TASK DETAILS
Each line of the entries below that includes "Using" belongs in your answer.

(Recorded data)
--- --- ---
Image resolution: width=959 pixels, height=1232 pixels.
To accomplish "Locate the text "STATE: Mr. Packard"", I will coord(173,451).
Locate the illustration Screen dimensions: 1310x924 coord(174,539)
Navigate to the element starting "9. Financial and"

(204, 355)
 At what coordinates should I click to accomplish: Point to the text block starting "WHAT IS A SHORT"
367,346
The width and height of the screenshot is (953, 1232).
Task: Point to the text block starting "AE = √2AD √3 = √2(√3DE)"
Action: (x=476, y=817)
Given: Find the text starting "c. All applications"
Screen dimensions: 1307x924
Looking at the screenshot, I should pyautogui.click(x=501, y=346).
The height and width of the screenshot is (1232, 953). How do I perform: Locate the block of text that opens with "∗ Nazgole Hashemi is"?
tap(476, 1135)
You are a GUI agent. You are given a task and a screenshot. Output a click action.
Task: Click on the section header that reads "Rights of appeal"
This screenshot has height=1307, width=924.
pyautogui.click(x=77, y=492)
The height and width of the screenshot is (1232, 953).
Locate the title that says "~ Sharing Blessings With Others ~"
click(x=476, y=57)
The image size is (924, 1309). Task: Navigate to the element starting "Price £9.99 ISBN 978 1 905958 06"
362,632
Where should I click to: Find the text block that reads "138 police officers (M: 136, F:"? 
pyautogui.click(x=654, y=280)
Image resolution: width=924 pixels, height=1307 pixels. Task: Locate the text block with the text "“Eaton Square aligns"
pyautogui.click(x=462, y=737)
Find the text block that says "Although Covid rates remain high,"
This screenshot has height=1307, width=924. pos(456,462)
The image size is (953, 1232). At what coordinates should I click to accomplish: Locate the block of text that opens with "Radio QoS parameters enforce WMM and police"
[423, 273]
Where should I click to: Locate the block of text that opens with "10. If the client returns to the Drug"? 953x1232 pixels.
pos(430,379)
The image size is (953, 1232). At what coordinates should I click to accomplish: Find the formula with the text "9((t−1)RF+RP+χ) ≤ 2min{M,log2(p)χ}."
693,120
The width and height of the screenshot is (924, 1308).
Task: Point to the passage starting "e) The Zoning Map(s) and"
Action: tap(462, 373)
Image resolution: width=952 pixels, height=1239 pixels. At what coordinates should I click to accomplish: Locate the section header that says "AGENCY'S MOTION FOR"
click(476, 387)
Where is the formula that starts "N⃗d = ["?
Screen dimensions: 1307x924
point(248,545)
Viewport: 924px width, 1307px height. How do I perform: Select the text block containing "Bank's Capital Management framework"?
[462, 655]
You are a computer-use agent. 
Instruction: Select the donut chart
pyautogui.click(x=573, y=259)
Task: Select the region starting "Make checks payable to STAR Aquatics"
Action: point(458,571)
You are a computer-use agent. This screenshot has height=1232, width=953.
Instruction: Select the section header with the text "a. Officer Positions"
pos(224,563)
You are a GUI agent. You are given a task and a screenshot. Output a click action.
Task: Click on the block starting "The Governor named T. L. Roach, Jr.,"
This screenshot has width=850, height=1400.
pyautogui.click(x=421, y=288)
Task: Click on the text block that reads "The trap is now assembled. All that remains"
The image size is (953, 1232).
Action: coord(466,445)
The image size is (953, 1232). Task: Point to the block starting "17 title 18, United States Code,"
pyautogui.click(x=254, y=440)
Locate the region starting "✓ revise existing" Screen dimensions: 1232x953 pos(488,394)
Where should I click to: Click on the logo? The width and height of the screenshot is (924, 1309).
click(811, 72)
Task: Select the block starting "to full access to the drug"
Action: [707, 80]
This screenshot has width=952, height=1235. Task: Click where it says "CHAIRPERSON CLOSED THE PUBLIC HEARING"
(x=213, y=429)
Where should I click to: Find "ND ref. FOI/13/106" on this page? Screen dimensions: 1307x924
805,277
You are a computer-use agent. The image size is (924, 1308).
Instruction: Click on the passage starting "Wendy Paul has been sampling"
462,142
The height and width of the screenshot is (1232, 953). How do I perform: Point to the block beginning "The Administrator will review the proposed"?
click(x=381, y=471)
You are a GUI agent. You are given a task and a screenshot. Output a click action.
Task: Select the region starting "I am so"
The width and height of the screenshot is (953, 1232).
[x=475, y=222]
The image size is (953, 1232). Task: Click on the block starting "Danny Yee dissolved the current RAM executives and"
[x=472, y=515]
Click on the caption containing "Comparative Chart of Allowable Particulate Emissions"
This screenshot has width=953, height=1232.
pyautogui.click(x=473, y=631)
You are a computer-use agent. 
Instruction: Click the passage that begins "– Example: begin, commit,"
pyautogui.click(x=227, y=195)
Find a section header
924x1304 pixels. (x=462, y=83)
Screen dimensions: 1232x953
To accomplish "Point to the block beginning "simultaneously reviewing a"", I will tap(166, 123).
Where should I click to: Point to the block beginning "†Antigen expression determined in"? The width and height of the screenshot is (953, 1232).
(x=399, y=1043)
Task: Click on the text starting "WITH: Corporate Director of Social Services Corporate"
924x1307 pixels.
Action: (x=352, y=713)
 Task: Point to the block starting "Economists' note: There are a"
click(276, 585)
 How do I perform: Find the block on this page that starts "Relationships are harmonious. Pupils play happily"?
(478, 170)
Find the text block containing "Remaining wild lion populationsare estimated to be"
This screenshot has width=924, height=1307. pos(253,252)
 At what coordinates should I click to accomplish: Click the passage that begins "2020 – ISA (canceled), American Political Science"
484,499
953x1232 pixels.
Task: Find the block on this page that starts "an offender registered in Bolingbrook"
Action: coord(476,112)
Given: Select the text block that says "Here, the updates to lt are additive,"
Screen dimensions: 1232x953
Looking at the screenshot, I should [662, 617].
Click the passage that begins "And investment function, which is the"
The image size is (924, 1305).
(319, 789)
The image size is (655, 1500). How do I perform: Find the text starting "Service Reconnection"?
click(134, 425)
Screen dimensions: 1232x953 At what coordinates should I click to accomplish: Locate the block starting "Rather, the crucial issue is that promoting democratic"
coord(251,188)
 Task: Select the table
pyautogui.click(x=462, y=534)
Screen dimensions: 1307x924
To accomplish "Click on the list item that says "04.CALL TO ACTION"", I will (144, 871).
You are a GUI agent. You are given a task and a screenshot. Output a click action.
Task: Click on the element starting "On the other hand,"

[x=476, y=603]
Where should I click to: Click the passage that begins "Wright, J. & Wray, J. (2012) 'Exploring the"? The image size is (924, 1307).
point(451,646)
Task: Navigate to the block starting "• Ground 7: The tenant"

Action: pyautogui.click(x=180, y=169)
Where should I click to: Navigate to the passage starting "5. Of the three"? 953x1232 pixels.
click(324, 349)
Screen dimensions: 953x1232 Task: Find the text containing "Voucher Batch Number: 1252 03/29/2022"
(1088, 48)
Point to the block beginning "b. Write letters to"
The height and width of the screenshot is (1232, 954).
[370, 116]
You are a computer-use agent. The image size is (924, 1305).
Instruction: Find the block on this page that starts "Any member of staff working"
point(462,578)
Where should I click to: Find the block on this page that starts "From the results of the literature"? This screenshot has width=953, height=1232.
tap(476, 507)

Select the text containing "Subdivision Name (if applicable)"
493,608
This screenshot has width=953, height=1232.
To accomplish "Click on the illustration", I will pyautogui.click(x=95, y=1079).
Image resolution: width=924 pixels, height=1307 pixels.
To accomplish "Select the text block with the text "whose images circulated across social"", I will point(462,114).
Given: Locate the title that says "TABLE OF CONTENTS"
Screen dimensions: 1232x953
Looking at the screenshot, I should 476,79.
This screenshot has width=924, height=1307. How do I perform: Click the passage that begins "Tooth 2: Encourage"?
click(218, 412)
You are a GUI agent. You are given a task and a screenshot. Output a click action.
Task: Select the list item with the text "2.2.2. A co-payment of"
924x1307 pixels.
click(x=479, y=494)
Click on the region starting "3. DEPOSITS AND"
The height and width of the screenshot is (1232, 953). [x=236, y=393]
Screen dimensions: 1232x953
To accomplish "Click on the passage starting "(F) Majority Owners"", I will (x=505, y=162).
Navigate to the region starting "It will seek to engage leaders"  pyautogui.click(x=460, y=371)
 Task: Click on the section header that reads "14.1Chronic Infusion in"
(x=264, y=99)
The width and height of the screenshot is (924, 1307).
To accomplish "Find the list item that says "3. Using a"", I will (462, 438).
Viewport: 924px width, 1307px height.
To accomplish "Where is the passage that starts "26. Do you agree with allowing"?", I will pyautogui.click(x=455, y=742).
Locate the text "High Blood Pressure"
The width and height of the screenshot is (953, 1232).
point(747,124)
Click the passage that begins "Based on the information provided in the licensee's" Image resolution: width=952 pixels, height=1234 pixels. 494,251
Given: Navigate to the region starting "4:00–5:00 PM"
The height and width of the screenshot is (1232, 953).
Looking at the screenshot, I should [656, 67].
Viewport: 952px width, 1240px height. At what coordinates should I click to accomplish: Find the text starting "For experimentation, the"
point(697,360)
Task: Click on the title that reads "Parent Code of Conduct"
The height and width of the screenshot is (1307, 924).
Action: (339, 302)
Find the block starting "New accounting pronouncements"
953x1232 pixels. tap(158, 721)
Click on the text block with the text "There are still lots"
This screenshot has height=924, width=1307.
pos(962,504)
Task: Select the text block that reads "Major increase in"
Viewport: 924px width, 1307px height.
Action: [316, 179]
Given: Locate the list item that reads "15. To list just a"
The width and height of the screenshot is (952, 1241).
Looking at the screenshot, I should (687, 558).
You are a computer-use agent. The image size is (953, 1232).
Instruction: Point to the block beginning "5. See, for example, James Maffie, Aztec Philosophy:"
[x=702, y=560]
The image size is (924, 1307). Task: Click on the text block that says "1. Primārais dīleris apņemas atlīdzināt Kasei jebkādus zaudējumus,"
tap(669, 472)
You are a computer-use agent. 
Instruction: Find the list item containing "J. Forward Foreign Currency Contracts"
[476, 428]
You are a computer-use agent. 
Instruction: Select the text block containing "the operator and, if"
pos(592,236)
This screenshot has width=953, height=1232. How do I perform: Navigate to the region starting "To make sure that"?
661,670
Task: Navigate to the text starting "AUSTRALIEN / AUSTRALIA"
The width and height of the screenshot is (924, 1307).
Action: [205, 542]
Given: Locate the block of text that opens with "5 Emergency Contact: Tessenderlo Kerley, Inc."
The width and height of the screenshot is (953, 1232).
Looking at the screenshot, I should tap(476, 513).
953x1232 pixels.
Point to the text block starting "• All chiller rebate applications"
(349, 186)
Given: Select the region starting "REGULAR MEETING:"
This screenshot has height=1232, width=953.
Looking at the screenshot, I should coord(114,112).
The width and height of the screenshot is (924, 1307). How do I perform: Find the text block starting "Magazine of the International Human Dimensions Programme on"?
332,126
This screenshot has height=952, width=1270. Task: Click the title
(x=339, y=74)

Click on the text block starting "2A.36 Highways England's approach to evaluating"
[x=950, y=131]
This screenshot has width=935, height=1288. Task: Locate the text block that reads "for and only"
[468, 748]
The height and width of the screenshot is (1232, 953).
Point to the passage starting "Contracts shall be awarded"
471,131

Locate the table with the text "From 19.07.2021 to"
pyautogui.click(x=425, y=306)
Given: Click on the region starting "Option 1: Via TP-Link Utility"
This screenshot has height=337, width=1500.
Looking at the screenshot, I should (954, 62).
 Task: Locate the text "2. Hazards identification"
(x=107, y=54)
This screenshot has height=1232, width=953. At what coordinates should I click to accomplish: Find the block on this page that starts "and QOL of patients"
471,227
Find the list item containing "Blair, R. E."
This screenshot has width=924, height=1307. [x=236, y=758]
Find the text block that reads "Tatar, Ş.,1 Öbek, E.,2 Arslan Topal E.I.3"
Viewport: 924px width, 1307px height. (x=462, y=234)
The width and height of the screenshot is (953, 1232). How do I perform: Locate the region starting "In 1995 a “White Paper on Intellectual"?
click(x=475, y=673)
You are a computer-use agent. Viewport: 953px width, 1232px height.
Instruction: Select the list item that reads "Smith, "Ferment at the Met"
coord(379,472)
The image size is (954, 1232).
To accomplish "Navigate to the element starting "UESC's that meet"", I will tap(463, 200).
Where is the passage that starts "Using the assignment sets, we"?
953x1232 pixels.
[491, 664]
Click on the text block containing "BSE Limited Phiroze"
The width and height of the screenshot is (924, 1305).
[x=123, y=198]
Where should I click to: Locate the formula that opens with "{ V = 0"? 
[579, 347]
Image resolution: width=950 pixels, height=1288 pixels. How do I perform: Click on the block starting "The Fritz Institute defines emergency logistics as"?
--- --- ---
TASK OUTPUT
To accomplish "Find the list item that says "3. Using a"", I will (462, 438).
Where is the passage that starts "Using the assignment sets, we"?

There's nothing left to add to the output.